Look through the entries below and extract exactly the lines from the one containing "Horizontal FOV: 49.2°." through the one containing "2. box from (136, 0) to (312, 48)", ends included.

━━ Source data

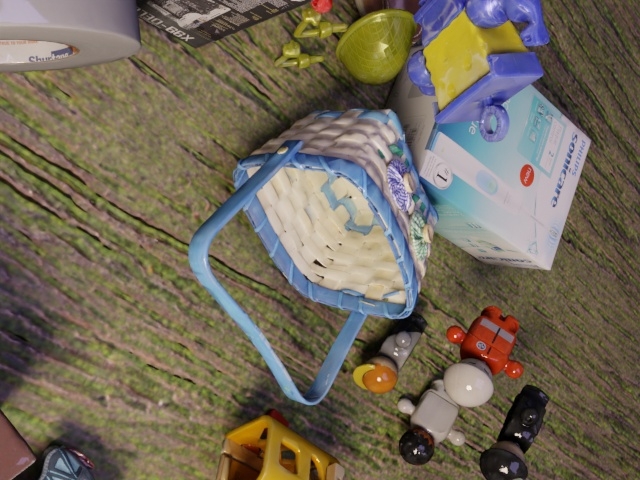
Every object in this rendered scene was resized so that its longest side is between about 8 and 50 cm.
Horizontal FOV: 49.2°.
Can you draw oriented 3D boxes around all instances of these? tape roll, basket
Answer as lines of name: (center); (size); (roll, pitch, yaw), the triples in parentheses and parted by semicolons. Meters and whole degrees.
tape roll: (-0.262, -0.189, 0.575); (0.219, 0.219, 0.072); (-10, 99, -35)
basket: (0.000, 0.000, 0.772); (0.289, 0.201, 0.254); (-53, 133, -28)

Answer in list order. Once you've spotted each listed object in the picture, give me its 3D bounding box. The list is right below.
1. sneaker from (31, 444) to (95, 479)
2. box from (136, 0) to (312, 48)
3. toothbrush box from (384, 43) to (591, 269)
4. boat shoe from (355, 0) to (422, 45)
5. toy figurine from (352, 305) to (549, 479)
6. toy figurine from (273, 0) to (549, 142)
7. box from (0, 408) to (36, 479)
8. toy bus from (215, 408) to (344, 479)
sneaker: (-0.333, 0.278, 0.645); (0.262, 0.104, 0.125); (-22, 88, -37)
box: (-0.177, -0.290, 0.617); (0.307, 0.242, 0.076); (22, 80, -34)
toothbrush box: (0.225, -0.113, 0.984); (0.295, 0.126, 0.216); (30, 75, -34)
boat shoe: (0.116, -0.413, 0.893); (0.123, 0.116, 0.324); (0, 92, -35)
toy figurine: (0.171, 0.203, 0.911); (0.148, 0.210, 0.213); (-49, 123, -42)
toy figurine: (0.113, -0.186, 0.730); (0.191, 0.362, 0.217); (-17, 81, -29)
box: (-0.369, 0.133, 0.549); (0.168, 0.167, 0.203); (-37, 113, -28)
toy bus: (-0.021, 0.281, 0.783); (0.202, 0.104, 0.191); (-10, 70, -58)
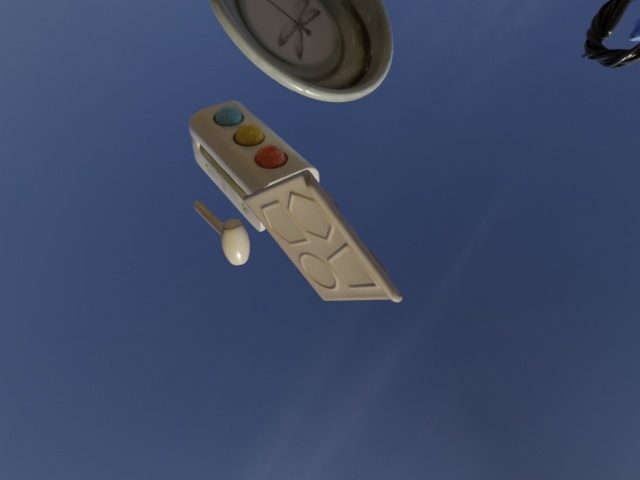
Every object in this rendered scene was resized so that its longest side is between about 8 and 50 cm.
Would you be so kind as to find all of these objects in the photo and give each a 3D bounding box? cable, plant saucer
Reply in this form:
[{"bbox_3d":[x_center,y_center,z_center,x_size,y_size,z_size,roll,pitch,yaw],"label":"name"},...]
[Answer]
[{"bbox_3d":[0.473,-0.325,0.792,0.184,0.047,0.151,-24,-125,25],"label":"cable"},{"bbox_3d":[-0.046,-0.422,1.009,0.100,0.400,0.401,-29,-126,51],"label":"plant saucer"}]

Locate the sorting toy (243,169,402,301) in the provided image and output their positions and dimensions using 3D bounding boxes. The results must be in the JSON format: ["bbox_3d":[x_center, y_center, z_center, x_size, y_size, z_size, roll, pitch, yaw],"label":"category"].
[{"bbox_3d":[0.000,0.000,0.702,0.038,0.193,0.208,-44,-164,-23],"label":"sorting toy"}]

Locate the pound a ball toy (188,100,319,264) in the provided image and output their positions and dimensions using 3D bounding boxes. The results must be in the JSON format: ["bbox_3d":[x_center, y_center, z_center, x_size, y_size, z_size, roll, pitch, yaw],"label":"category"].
[{"bbox_3d":[-0.149,-0.127,0.983,0.208,0.136,0.319,-24,-131,-25],"label":"pound a ball toy"}]

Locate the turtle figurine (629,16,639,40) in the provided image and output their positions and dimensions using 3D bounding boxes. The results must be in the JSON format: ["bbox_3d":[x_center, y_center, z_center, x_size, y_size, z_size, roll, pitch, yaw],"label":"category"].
[{"bbox_3d":[0.374,-0.275,0.386,0.197,0.274,0.267,22,-102,-9],"label":"turtle figurine"}]
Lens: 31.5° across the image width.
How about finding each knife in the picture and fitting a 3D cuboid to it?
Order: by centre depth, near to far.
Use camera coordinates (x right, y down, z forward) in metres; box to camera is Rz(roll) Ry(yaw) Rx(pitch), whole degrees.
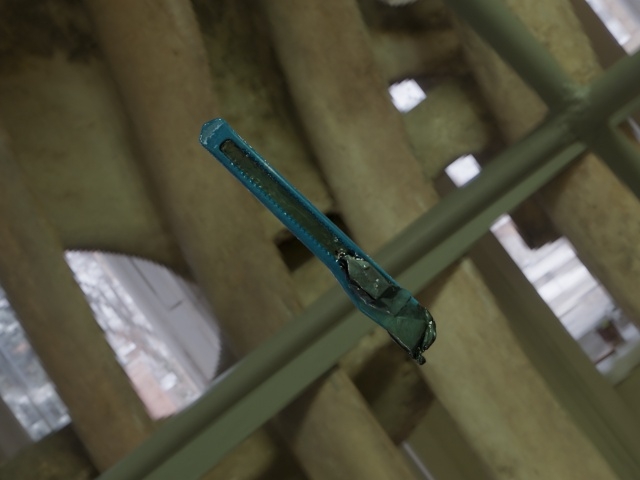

━━━━

## Response below
Horizontal FOV: 49.2°.
Can you draw oriented 3D boxes around all instances of these? tape roll, basket
Answer as lines of name: (center); (size); (roll, pitch, yaw), the triples in parentheses and parted by semicolons. Meters and whole degrees.
tape roll: (-0.262, -0.189, 0.575); (0.219, 0.219, 0.072); (-10, 99, -35)
basket: (0.000, 0.000, 0.772); (0.289, 0.201, 0.254); (-53, 133, -28)

Answer in list order. Once you've spotted each listed object in the picture, give me its 3D bounding box. The list is right below.
1. sneaker from (31, 444) to (95, 479)
2. box from (136, 0) to (312, 48)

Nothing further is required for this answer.